Дня через два или три по приезде губернатора пришел к нам Кумаджеро сказать по повелению первого по губернаторе начальника гинмиягу Сампея, чтобы учили русскому языку приехавших недавно из столицы ученого и голландского переводчика и сказывали им все то, о чем нас станут спрашивать. «Странно мне кажется, — сказал я Кумаджеро, — что губернатор по приезде своем сюда нас не видал и не объявил нам еще, какое решение в рассуждении нас сделало японское правительство, а хочет, чтоб мы учили присланных из столицы людей». Потом я спросил через стену господина Мура, как он думает о сем предложении. Он мне отвечал, что, пока губернатор не объявит решения об нашем деле, дотоле не будет он ни под каким видом учить японцев, а коль скоро такое объявление последует, тогда он рад будет день и ночь учить их.

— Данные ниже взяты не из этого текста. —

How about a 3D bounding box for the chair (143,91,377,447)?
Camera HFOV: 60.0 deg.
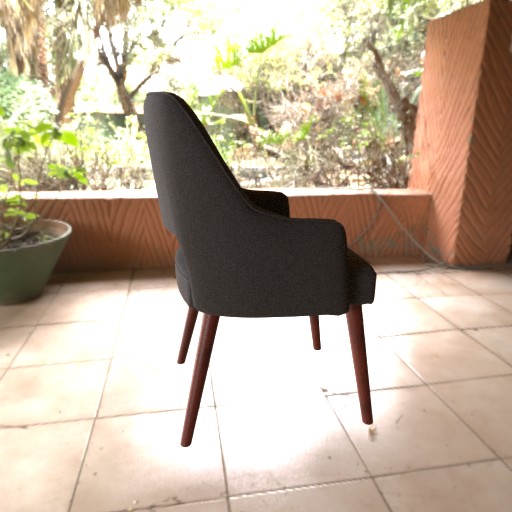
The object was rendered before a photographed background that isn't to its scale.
[{"bbox_3d":[0.000,0.000,1.234,0.560,0.838,0.559,-3,16,-11],"label":"chair"}]
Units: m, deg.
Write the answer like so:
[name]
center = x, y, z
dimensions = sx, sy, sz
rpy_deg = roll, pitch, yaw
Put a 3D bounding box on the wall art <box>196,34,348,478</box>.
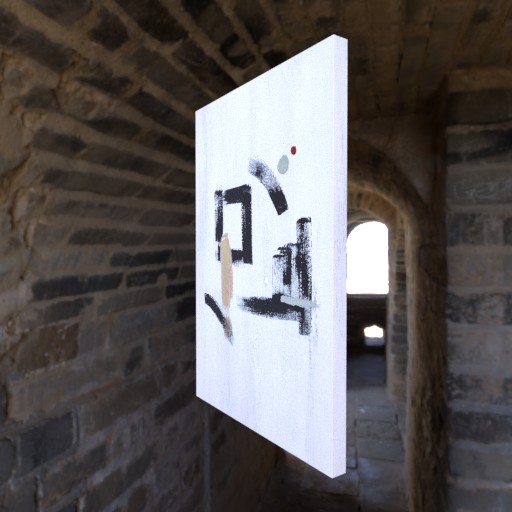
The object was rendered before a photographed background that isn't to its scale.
[wall art]
center = 0.000, 0.000, 1.181
dimensions = 0.043, 0.914, 0.624
rpy_deg = -1, 1, -34
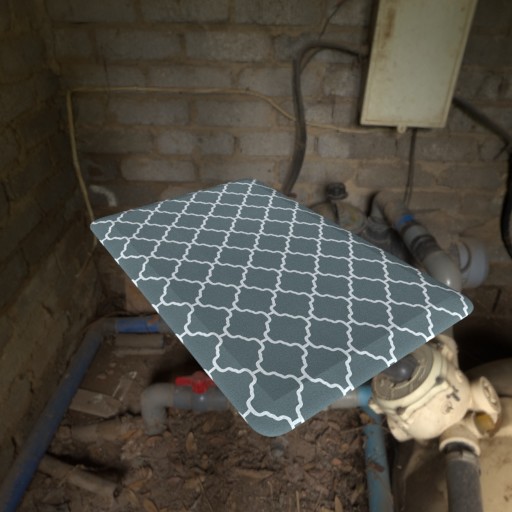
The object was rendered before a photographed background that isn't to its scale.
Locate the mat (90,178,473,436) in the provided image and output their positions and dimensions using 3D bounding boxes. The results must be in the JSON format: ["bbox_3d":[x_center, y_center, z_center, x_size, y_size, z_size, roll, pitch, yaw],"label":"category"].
[{"bbox_3d":[0.000,0.000,0.973,0.508,0.021,0.762,-21,38,-29],"label":"mat"}]
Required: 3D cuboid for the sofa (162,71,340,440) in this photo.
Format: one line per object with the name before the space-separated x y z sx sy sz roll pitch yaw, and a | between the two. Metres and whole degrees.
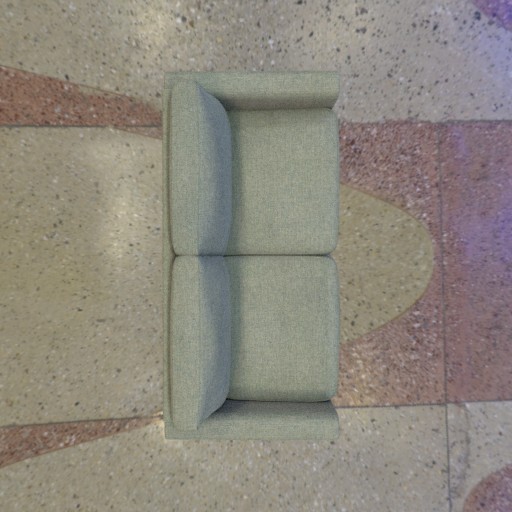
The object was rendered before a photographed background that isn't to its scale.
sofa | 0.000 0.000 2.514 0.969 0.892 1.978 0 90 0
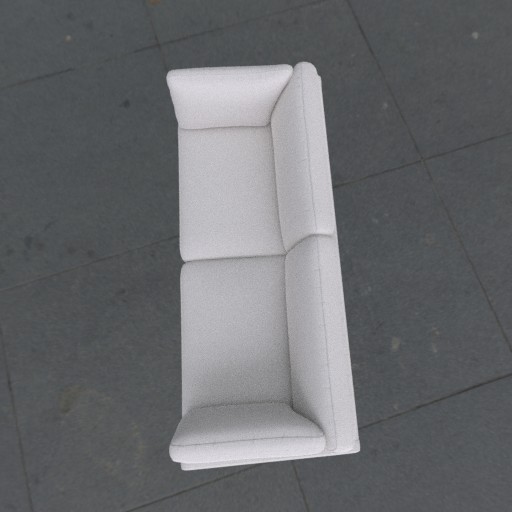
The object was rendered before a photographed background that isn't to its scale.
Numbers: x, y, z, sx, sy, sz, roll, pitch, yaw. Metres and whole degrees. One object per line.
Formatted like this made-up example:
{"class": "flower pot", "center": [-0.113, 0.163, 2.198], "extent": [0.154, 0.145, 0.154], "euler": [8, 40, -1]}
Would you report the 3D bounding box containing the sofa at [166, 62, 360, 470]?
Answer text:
{"class": "sofa", "center": [0.000, 0.000, 2.723], "extent": [0.957, 0.863, 2.301], "euler": [-3, 76, -1]}

Я советовал ему до прибытия наших судов по нескольку часов каждый день с ними заниматься и заметил, что тогда мы будем в состоянии узнать подлинное намерение японцев в рассуждении нас и взять другие меры; но господин Мур отнюдь на мое мнение согласиться не хотел. Тогда я не постигал причины такой его твердости, полагая, что он все старое позабыл и сделался опять с нами единодушным, но после открылось другое.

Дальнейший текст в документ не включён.